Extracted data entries
==========
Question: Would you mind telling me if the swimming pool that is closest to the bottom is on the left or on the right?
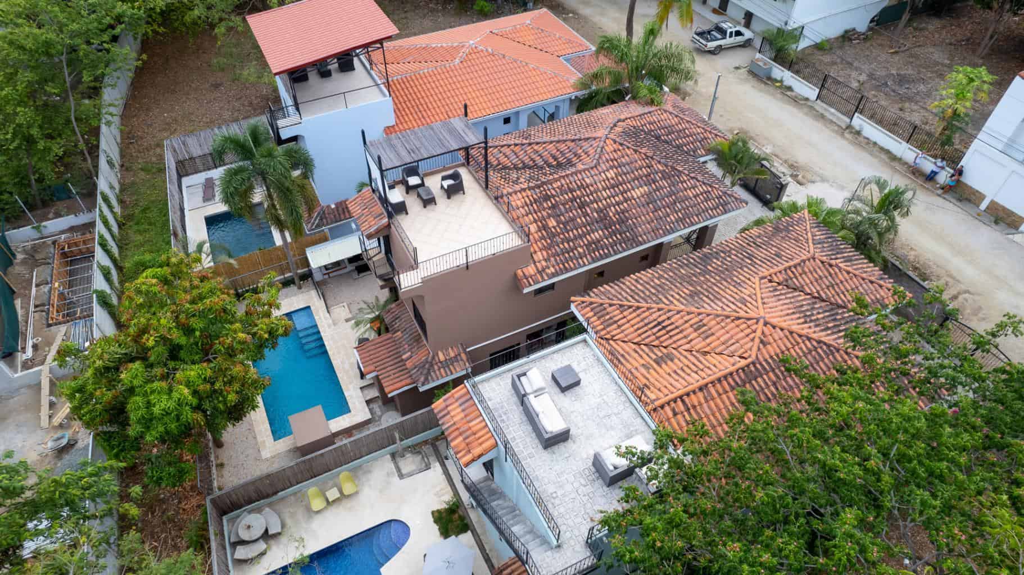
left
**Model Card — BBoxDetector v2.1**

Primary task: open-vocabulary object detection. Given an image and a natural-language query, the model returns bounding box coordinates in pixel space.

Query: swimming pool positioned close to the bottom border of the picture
==========
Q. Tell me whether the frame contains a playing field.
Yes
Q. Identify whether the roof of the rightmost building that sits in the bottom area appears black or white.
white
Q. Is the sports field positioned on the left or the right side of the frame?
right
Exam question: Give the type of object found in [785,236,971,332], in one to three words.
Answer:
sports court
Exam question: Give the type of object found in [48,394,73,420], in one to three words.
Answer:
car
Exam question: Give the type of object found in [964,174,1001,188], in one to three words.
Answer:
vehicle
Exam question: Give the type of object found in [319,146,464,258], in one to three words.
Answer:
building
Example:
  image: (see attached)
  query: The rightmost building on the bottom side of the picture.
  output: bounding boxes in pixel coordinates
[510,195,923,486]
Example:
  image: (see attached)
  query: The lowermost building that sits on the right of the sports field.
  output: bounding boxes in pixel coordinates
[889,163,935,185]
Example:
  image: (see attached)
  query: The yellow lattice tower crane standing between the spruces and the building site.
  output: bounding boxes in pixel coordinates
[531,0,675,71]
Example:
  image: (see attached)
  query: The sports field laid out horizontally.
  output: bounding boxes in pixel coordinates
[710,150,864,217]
==========
* **Task details**: An exact, complete copy of the lines above from the one with "Primary task: open-vocabulary" through the one with "Query: swimming pool" is the whole answer.

* **Answer to the problem**:
Primary task: open-vocabulary object detection. Given an image and a natural-language query, the model returns bounding box coordinates in pixel space.

Query: swimming pool positioned close to the bottom border of the picture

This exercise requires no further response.